* [Exercise goal]: Search the material below for the string "frac" and extract each line that has it.

* [Source data]:
_ _ _ _
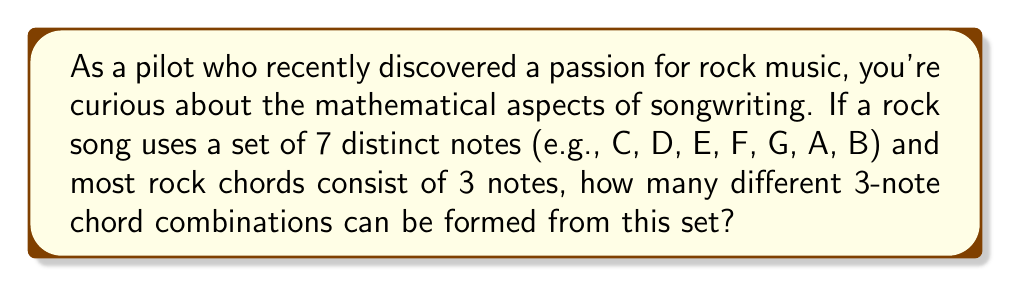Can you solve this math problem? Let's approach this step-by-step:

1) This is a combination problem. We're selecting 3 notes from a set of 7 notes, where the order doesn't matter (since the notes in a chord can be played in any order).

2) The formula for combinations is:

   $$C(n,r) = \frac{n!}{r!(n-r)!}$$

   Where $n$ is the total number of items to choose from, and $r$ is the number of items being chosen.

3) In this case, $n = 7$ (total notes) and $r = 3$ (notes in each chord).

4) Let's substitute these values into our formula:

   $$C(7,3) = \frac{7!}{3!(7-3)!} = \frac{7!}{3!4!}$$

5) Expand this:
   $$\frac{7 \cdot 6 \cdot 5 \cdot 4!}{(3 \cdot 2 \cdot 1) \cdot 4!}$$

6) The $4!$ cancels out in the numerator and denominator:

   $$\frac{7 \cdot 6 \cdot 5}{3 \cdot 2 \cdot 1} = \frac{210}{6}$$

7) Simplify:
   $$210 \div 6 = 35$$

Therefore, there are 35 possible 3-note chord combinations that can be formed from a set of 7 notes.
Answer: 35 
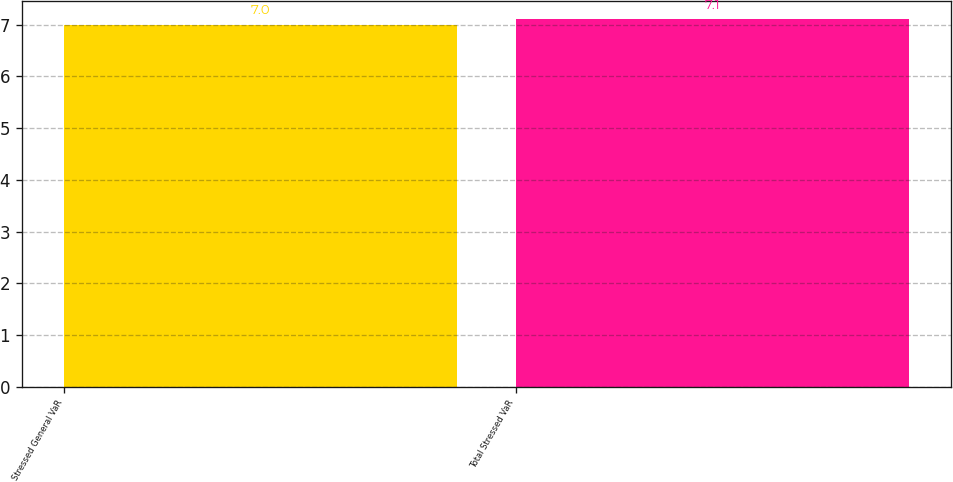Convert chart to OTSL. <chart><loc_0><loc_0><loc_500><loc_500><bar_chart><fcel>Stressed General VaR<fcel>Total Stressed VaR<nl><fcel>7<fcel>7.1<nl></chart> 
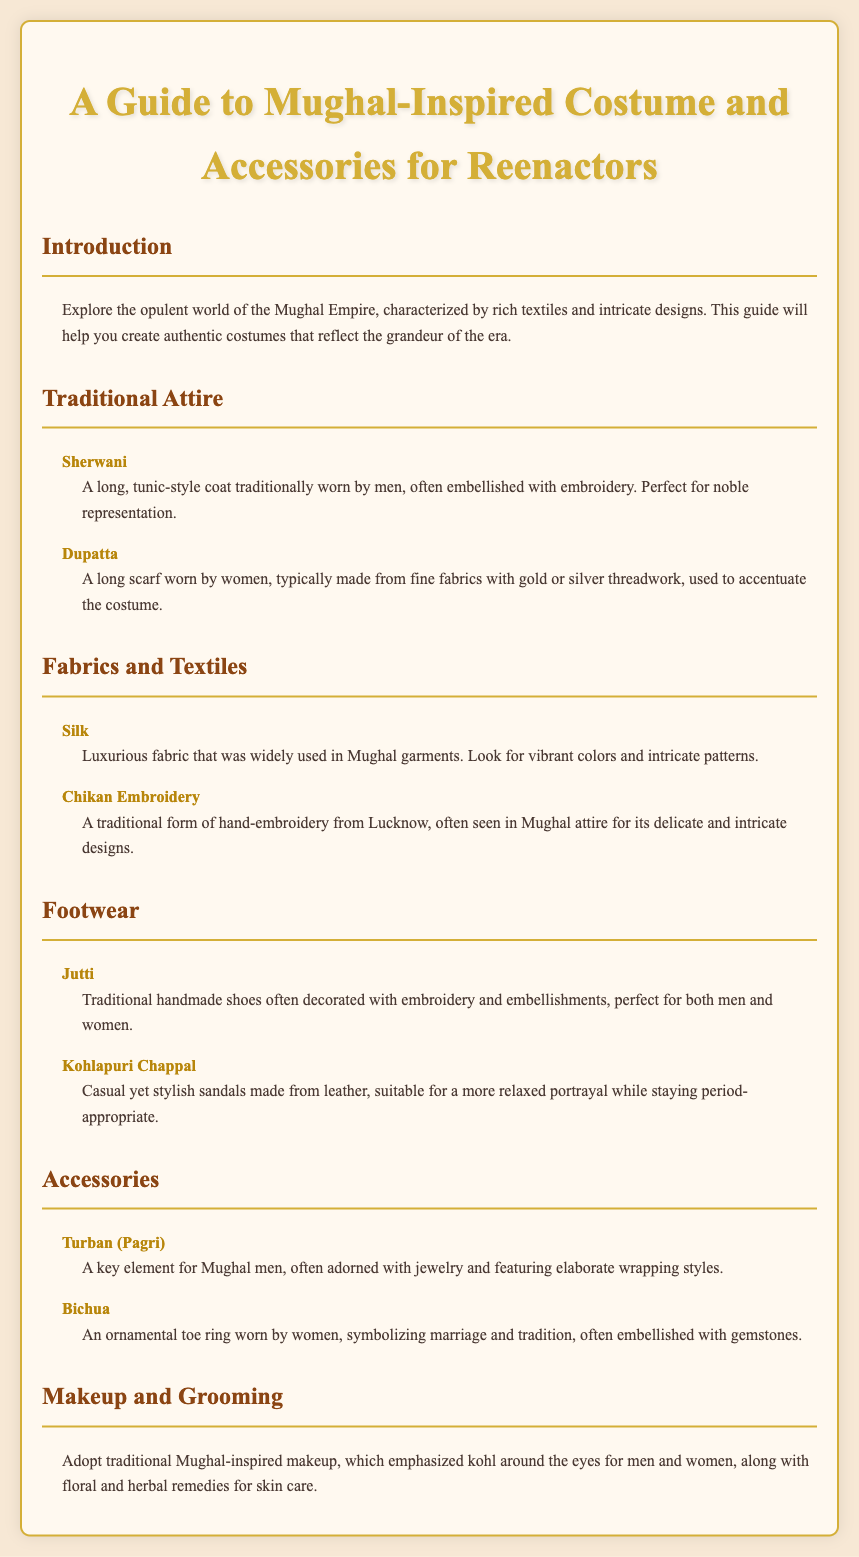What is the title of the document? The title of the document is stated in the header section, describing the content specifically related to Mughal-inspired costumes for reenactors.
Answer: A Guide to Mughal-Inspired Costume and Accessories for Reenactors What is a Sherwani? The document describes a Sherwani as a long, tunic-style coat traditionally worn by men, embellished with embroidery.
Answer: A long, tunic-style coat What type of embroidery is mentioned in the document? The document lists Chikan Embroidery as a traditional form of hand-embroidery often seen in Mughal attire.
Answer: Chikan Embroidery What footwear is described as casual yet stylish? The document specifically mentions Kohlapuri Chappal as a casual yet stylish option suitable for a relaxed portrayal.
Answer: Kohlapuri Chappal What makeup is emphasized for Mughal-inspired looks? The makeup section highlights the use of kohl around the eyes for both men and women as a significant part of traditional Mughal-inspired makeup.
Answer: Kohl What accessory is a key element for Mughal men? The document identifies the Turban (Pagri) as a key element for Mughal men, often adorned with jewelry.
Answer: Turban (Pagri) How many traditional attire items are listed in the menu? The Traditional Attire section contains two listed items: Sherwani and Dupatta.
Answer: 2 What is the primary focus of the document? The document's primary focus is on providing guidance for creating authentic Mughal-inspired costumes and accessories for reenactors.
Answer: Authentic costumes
_ _ _ _
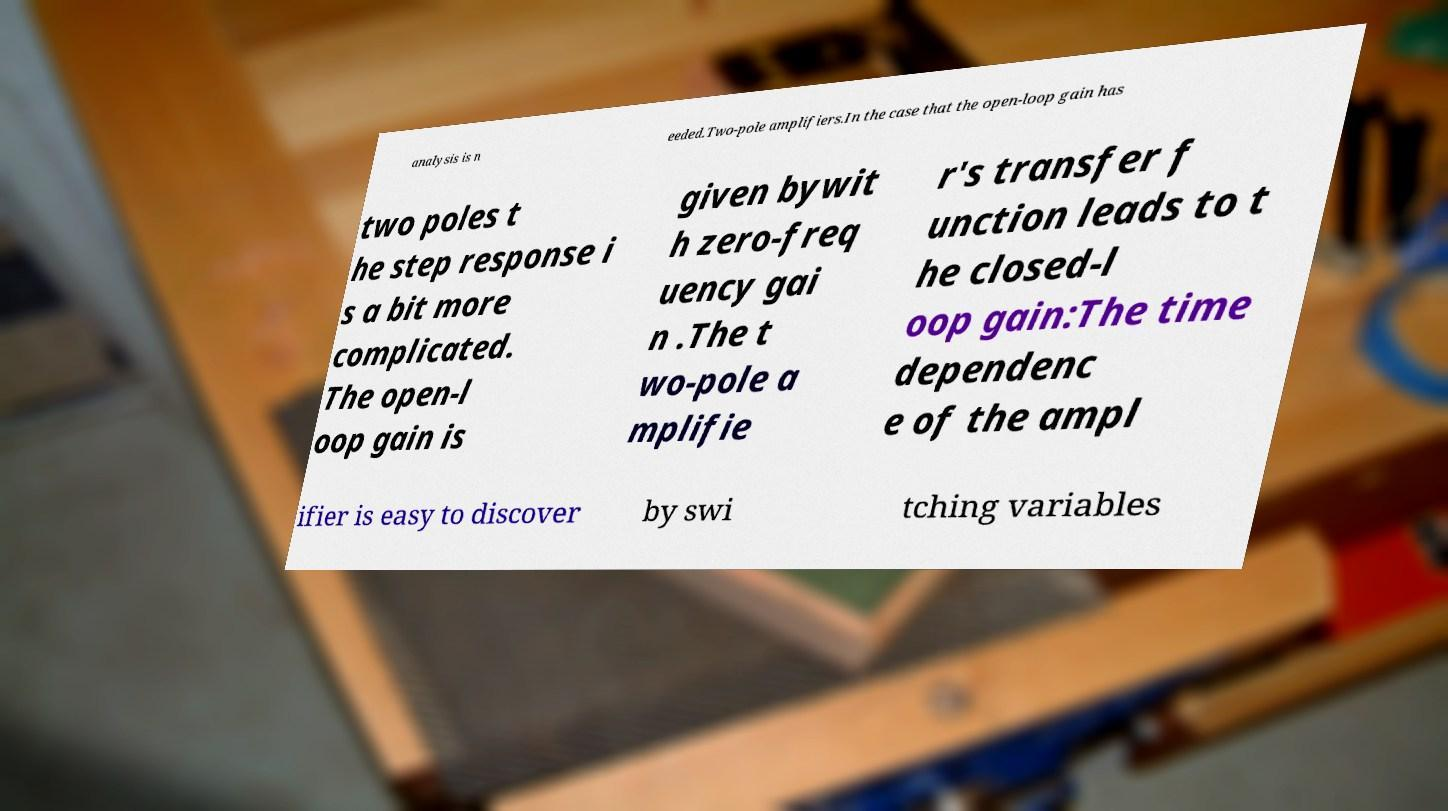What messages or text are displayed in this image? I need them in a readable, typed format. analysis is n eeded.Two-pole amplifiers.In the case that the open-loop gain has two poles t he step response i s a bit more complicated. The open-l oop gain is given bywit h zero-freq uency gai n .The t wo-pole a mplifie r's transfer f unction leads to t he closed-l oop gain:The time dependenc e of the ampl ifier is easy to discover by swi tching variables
_ _ _ _
* [Exercise output]:
   $$C(n,r) = \frac{n!}{r!(n-r)!}$$
   $$C(7,3) = \frac{7!}{3!(7-3)!} = \frac{7!}{3!4!}$$
   $$\frac{7 \cdot 6 \cdot 5 \cdot 4!}{(3 \cdot 2 \cdot 1) \cdot 4!}$$
   $$\frac{7 \cdot 6 \cdot 5}{3 \cdot 2 \cdot 1} = \frac{210}{6}$$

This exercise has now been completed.